Clearview AI’s…facial-recognition app has seen a spike in use as police track down the pro-Trump insurgents who descended on the Capitol on Wednesday….

Clearview AI CEO Hoan Ton-That confirmed to Gizmodo that the app saw a 26% jump in search volume on Jan. 7 compared to its usual weekday averages….

Detectives at the Miami Police Department are using Clearview’s tech to identify rioters in images and videos of the attack and forwarding suspect leads to the FBI, per the Times. Earlier this week, the Wall Street Journal reported that an Alabama police department was also employing Clearview’s tech to ID faces in footage and sending potential matches along to federal investigators.

But now we need to return to the legal question: is “publicly available” equivalent to “publicly usable”?

Certain companies, including the aforementioned Facebook, Google (including YouTube), LinkedIn (part of Microsoft), Twitter, and Venmo, maintain that Clearview AI does NOT have permission to use their publicly available data. Not because of government laws, but because of the companies’ own policies. Here’s what two of the companies said about a year ago:

“Scraping people’s information violates our policies, which is why we’ve demanded that Clearview stop accessing or using information from Facebook or Instagram,” Facebook’s spokesperson told Business Insider….
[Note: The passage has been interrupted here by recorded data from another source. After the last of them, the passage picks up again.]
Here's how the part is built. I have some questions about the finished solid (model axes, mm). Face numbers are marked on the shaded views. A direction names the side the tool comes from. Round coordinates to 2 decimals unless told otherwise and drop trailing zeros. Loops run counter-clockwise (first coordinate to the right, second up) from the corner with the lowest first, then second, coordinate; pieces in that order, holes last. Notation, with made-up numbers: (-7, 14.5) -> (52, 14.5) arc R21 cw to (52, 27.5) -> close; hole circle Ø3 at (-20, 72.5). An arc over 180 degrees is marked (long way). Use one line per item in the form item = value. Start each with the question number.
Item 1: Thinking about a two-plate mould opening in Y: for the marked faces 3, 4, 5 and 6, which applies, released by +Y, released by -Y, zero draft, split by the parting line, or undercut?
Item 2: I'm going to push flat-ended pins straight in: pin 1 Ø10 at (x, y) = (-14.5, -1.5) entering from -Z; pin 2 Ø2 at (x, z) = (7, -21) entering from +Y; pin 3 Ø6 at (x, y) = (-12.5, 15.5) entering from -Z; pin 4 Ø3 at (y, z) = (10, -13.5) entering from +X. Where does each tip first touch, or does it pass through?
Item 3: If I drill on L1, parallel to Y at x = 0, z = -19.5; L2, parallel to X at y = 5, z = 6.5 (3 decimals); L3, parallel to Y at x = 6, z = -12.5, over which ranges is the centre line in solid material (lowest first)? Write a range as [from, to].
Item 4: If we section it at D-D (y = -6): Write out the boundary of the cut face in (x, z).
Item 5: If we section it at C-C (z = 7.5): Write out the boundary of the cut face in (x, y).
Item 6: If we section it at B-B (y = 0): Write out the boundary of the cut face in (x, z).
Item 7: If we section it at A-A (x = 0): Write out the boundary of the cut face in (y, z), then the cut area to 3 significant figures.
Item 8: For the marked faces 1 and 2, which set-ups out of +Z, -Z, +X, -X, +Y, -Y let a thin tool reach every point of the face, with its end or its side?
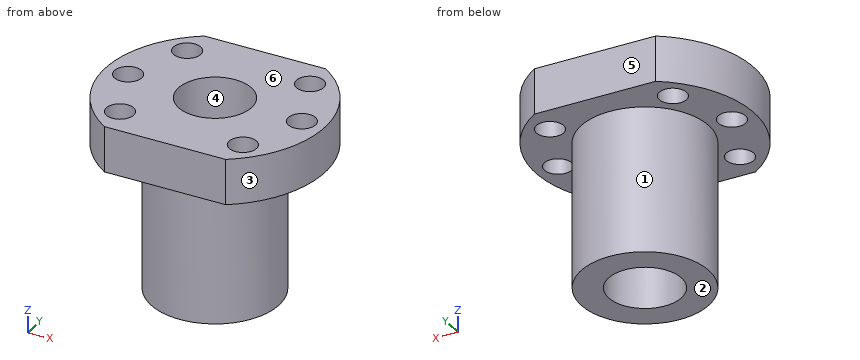
```python
from build123d import *

# Parameters (mm, degrees)
SKETCH1_R           = 3
SKETCH1_R_2         = 14
SKETCH1_R_3         = 8
BOSS_EXTRUDE1_DEPTH = 10
BOSS_EXTRUDE2_START = -32
SKETCH1_3_R         = 14
SKETCH1_3_R_2       = 8
BOSS_EXTRUDE2_DEPTH = 32


with BuildPart() as part:
    # Sketch1 → Boss-Extrude1 (new body)
    # profile 1 of 2: a face of its own
    with BuildSketch(Plane.XY):
        with BuildLine():
            Line((-13.266499161, 20), (13.266499161, 20))
            ThreePointArc((13.266499161, 20), (24, 0), (13.266499161, -20))
            Line((13.266499161, -20), (-13.266499161, -20))
            ThreePointArc((-13.266499161, -20), (-24, 0), (-13.266499161, 20))
        make_face()
        with Locations((13.435028843, 13.435028843)):
            Circle(SKETCH1_R, mode=Mode.SUBTRACT)
        with Locations((-13.435028843, 13.435028843)):
            Circle(SKETCH1_R, mode=Mode.SUBTRACT)
        with Locations((-19, 0)):
            Circle(SKETCH1_R, mode=Mode.SUBTRACT)
        with Locations((-13.435028843, -13.435028843)):
            Circle(SKETCH1_R, mode=Mode.SUBTRACT)
        with Locations((13.435028843, -13.435028843)):
            Circle(SKETCH1_R, mode=Mode.SUBTRACT)
        with Locations((19, 0)):
            Circle(SKETCH1_R, mode=Mode.SUBTRACT)
        Circle(SKETCH1_R_2, mode=Mode.SUBTRACT)
    # profile 2 of 2: a face of its own
    with BuildSketch(Plane.XY):
        Circle(SKETCH1_R_2)
        Circle(SKETCH1_R_3, mode=Mode.SUBTRACT)
    extrude(amount=BOSS_EXTRUDE1_DEPTH)

    # Sketch1<3> → Boss-Extrude2 (add)
    with BuildSketch(Plane.XY.offset(BOSS_EXTRUDE2_START)):
        Circle(SKETCH1_3_R)
        Circle(SKETCH1_3_R_2, mode=Mode.SUBTRACT)
    extrude(amount=BOSS_EXTRUDE2_DEPTH)


solid = part.part
```
Values found:
q1.face_3 = split by the parting line
q1.face_4 = undercut
q1.face_5 = released by +Y
q1.face_6 = zero draft
q2.pin_1 = -32
q2.pin_2 = 12.65
q2.pin_3 = 0
q2.pin_4 = 11.12
q3.L1 = [-14, -8], [8, 14]
q3.L2 = [-23.473, -6.245], [6.245, 23.473]
q3.L3 = [-12.65, -5.29], [5.29, 12.65]
q4.outline = (-23.24, 0) -> (-12.65, 0) -> (-12.65, -32) -> (-5.29, -32) -> (-5.29, 10) -> (-23.24, 10) -> close; (5.29, -32) -> (12.65, -32) -> (12.65, 0) -> (23.24, 0) -> (23.24, 10) -> (5.29, 10) -> close
q5.outline = (-13.27, -20) -> (13.27, -20) arc R24 ccw to (13.27, 20) -> (-13.27, 20) arc R24 ccw to start; hole circle Ø6 at (-19, 0); hole circle Ø6 at (-13.44, -13.44); hole circle Ø6 at (-13.44, 13.44); hole circle Ø16 at (0, 0); hole circle Ø6 at (13.44, -13.44); hole circle Ø6 at (13.44, 13.44); hole circle Ø6 at (19, 0)
q6.outline = (-24, 0) -> (-22, 0) -> (-22, 10) -> (-24, 10) -> close; (-16, 0) -> (-14, 0) -> (-14, -32) -> (-8, -32) -> (-8, 10) -> (-16, 10) -> close; (8, -32) -> (14, -32) -> (14, 0) -> (16, 0) -> (16, 10) -> (8, 10) -> close; (22, 0) -> (24, 0) -> (24, 10) -> (22, 10) -> close
q7.outline = (-20, 0) -> (-14, 0) -> (-14, -32) -> (-8, -32) -> (-8, 10) -> (-20, 10) -> close; (8, -32) -> (14, -32) -> (14, 0) -> (20, 0) -> (20, 10) -> (8, 10) -> close
q7.area = 624 mm2
q8.face_1 = -Z
q8.face_2 = -Z, +X, -X, +Y, -Y

“YouTube’s Terms of Service explicitly forbid collecting data that can be used to identify a person. Clearview has publicly admitted to doing exactly that, and in response, we sent them a cease-and-desist letter.”

For its part, Clearview AI maintains that its First Amendment government rights supersede the terms of service of the companies.

But other things come in play in addition to terms of service. Lawsuits filed in 2020 allege that Clearview AI’s practices violate the California Consumer Privacy Act of 2018, and the even more stringent Illinois Biometric Information Privacy Act of 2008. BIPA is so stringent that even Google is affected by it; as I’ve previously noted, Google’s Nest Hello Video Doorbell’s “familiar face” alerts is not available in Illinois.

Between corporate complaints and aggrieved citizens, the jury is literally still out on Clearview AI’s business model. So while it may work technologically, it may not work legally.

And one more thing

Of course, people are asking themselves, why do we even need to use facial recognition at all? After all, some of the trespassers actually filmed themselves trespassing. And when people see the widely-distributed pictures of the trespassers, they can be identified without using facial recognition.

Yes, to a point.

While it seems intuitive that eyewitnesses can easily identify people in photos, it turns out that such identifications can be unreliable. As the California Innocence Project reminds us:

One of the main causes of wrongful convictions is eyewitness misidentifications. Despite a high rate of error (as many as 1 in 4 stranger eyewitness identifications are wrong), eyewitness identifications are considered some of the most powerful evidence against a suspect.

The California Innocence Project then provides an example of a case in which someone was inaccurately identified due to an eyewitness misidentification. Correction: it provided 11 examples, including ones in which the witnesses were presented to the viewer in a controlled environment (six-pack lineups, similar backgrounds).

The FBI project, in which people look at images captured from the U.S. Capitol itself, is NOT a controlled environment.